Der amerikanische Traum war schon immer weitgehend eine Illusion oder ein geschickt vermarkteter Mythos. In den McDonald-Brüdern kommt die Erzählung ihrem Ideal noch am nächsten, auch wenn die beiden vermutlich ein wenig idealisiert dargestellt werden, in Ray erfährt sie eine groteske Verzerrung. Dabei ist der skrupellose Unternehmer keine Erfindung unserer Zeit oder gar des Neoliberalismus, sondern vor allem in der Gestalt der Räuberbarone ein fester Bestandteil der amerikanischen Geschichte.

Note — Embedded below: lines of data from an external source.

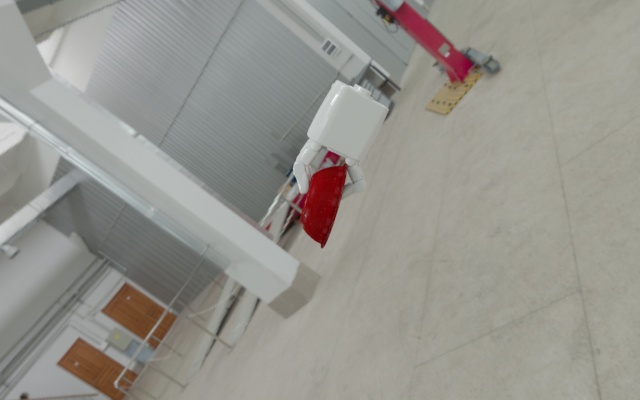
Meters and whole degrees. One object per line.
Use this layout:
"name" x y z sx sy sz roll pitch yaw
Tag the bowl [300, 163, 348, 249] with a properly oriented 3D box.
"bowl" -0.001 0.004 0.867 0.055 0.162 0.162 15 -1 -4
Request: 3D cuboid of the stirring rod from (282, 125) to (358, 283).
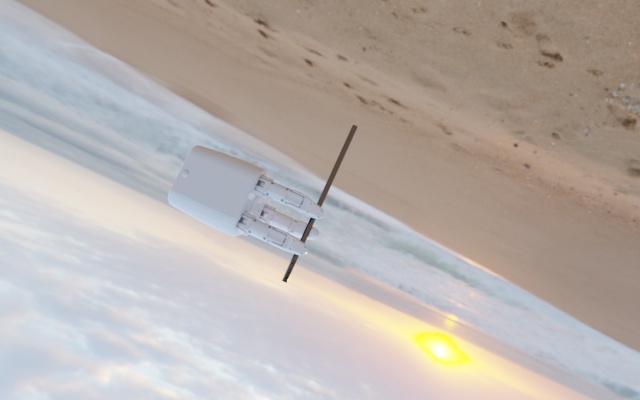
[{"bbox_3d":[0.000,0.002,0.664,0.011,0.239,0.011,24,-8,4],"label":"stirring rod"}]
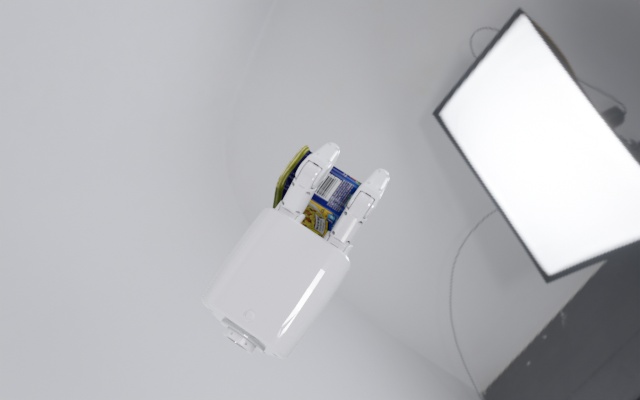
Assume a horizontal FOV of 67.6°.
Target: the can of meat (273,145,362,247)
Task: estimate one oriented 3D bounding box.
[{"bbox_3d":[0.000,0.002,0.508,0.084,0.057,0.102,33,-26,7],"label":"can of meat"}]
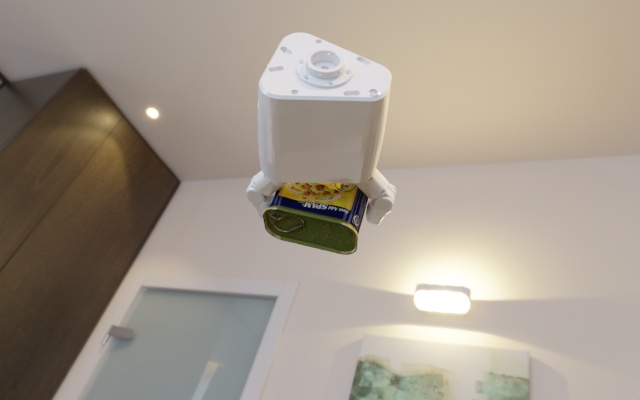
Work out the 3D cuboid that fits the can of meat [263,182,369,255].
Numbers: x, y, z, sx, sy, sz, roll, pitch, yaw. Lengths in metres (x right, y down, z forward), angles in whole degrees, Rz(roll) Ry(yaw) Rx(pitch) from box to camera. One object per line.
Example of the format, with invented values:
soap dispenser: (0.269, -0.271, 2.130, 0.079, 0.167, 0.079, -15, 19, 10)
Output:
can of meat: (0.000, 0.002, 0.517, 0.102, 0.084, 0.057, 12, -36, 11)

Der Film von John Lee Hancock liefert genau das, was der Trailer verspricht: eine schonungslose Abrechnung mit einer Unternehmerlegende. Interessant ist dabei vor allem die erste Hälfte, in der Ray noch versucht, auf ehrliche Weise Erfolg zu haben. Seine Wandlung hin zum Widerling vollzieht sich dann leider ein wenig zu abrupt und lässt vor allem psychologische Finesse missen, als Zuschauer hat man zu diesem Zeitpunkt die Figur jedoch bereits verloren.
An sich eine sehr interessante Story, aber leider mit zu wenig Biss und einigen Längen erzählt.